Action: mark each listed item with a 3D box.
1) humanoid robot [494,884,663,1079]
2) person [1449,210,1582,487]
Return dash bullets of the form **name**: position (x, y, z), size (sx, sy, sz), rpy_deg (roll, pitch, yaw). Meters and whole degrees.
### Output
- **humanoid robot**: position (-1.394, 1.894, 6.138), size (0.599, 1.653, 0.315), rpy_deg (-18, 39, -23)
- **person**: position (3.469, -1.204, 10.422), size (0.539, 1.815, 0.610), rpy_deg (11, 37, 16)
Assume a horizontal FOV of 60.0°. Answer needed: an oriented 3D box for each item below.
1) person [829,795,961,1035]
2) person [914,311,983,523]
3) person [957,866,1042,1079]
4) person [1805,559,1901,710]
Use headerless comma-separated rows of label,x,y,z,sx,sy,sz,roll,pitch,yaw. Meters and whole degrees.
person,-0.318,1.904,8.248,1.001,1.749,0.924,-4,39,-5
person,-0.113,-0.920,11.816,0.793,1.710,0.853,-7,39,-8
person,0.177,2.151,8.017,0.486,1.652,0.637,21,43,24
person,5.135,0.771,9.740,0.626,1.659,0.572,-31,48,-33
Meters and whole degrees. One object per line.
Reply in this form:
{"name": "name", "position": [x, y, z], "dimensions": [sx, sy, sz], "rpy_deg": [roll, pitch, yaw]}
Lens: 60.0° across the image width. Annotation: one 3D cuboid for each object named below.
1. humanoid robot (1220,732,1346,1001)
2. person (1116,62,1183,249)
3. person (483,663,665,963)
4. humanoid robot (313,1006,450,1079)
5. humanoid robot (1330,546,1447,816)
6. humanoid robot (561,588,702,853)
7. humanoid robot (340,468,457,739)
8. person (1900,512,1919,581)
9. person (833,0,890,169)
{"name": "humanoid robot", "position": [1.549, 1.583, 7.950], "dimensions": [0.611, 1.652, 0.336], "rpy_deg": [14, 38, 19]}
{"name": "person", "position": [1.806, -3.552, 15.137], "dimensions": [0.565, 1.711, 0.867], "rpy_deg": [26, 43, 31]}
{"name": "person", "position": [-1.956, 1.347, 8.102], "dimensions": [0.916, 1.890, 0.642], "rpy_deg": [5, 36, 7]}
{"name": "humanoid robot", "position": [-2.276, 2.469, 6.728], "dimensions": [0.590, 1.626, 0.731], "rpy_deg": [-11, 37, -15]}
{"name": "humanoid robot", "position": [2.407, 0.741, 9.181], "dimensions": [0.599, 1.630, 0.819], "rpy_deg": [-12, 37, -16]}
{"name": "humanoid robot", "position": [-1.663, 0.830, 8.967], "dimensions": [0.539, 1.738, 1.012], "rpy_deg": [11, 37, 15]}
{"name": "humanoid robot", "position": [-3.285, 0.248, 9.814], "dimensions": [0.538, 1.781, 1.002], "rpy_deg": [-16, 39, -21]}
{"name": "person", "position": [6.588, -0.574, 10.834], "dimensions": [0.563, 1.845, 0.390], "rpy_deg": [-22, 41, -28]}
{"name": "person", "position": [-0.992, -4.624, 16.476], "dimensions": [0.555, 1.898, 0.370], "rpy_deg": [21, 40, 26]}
☆ ☆ ☆ ☆ ☆ ☆ ☆
Give back every line from the beginning of the records through the line holding "4) person [1805,559,1901,710]", exactly as it reads, and leave out the rest.

Exercise solution:
Action: mark each listed item with a 3D box.
1) humanoid robot [494,884,663,1079]
2) person [1449,210,1582,487]
Return dash bullets of the form **name**: position (x, y, z), size (sx, sy, sz), rpy_deg (roll, pitch, yaw). Meters and whole degrees.
### Output
- **humanoid robot**: position (-1.394, 1.894, 6.138), size (0.599, 1.653, 0.315), rpy_deg (-18, 39, -23)
- **person**: position (3.469, -1.204, 10.422), size (0.539, 1.815, 0.610), rpy_deg (11, 37, 16)
Assume a horizontal FOV of 60.0°. Answer needed: an oriented 3D box for each item below.
1) person [829,795,961,1035]
2) person [914,311,983,523]
3) person [957,866,1042,1079]
4) person [1805,559,1901,710]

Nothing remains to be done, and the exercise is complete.